Длинный клинок къёкецуки подрагивал буквально в волоске от шеи Наёли, но зеленоглазая кумицо лишь ошарашено вглядывалась в лицо императорского вассала, что стоял перед ней.
— Все в порядке, честно. И пожалуйста, убери оружие, — прохрипел Ли, после чего Таката нехотя исполнила просьбу тайпэна.
— Что он такое? — также хрипло спросила Наёли, покосившись в сторону Фуёко и все еще не в силах отойти от шока.
— Не твое дело, подруга, — с наглой улыбкой собственного превосходства бросила та, вставая между Ли и сестрицей.
— Так, что вы решили, тайпэн? — напомнил Фанг о себе.

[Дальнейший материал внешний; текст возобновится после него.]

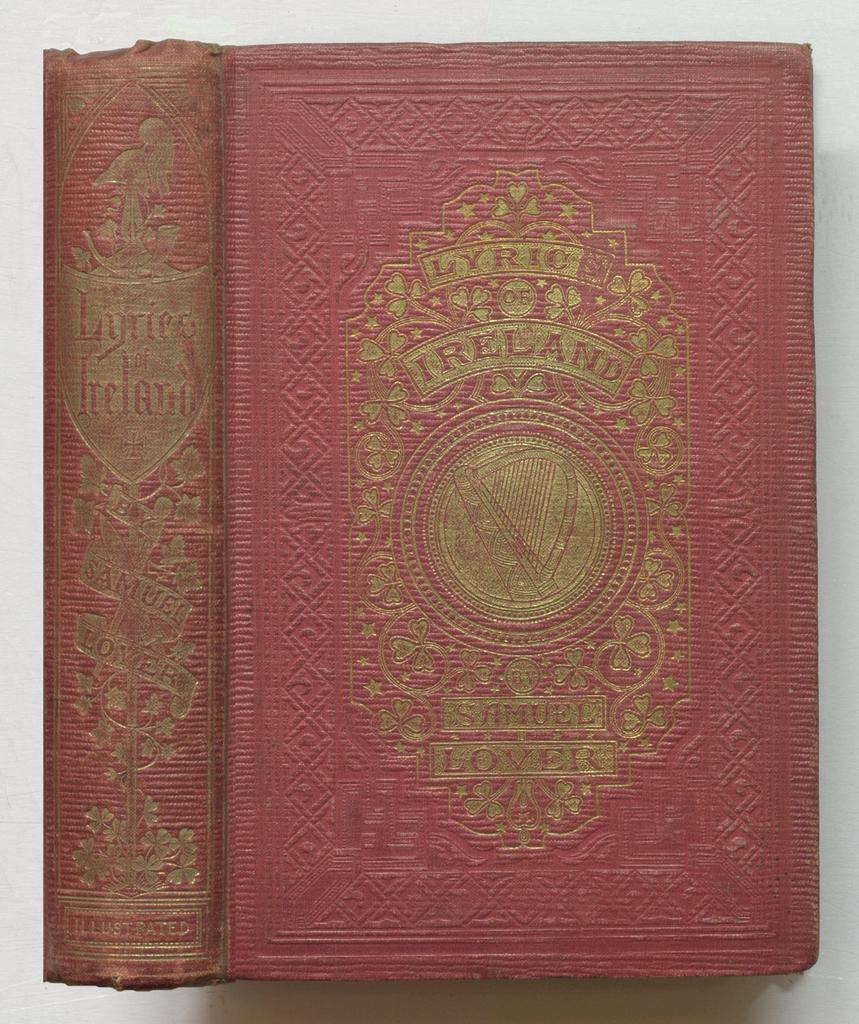<image>
Provide a brief description of the given image. A red book with a gold crest is titled Lyric of Ireland. 
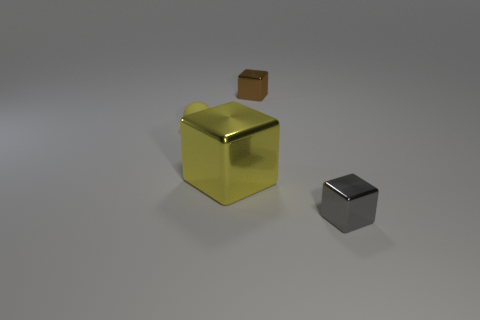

Хань медленно запрокинул голову, чувствуя, как снежинки садятся на кожу и неторопливо таят, стекая вниз по щекам. Многое из того, что он увидел, требовало более глубокого осмысления. Но первая мысль уже сформировалась сама собой, а Ли привык доверять своему первому впечатлению. Зверства сиртаков на юге Юнь пускай и могли соперничать с тем, что творили царские воины во владениях Нефритового Трона, но лишь в самых мелких и незначительных аспектах. Волна из чудовищных убийств и пожаров, кошмар для десятков тысяч изнасилованных женщин и изувеченных детей, вся боль и скорбь, что обрушилась на тайпэна за эти несколько мгновений из воспоминаний кумицо, не оставляли ему иных вариантов. Он уже понимал, что Зло многолико и самым опасным может оказаться та форма, которую ты посчитаешь "малой". Однако, в отношении того, кто называл себя раджей Ранджаном, не могло бы возникнуть двояких сомнений ни у одного человека, рожденного в пределах Империи. И обстоятельством тому были не только пепелища и гниющие курганы плоти, покрывшие устье Шаанга и побережье залива Авадзи, но и, терзаемые не менее жутким вторжением горцев, земли Каратау и Гуррама.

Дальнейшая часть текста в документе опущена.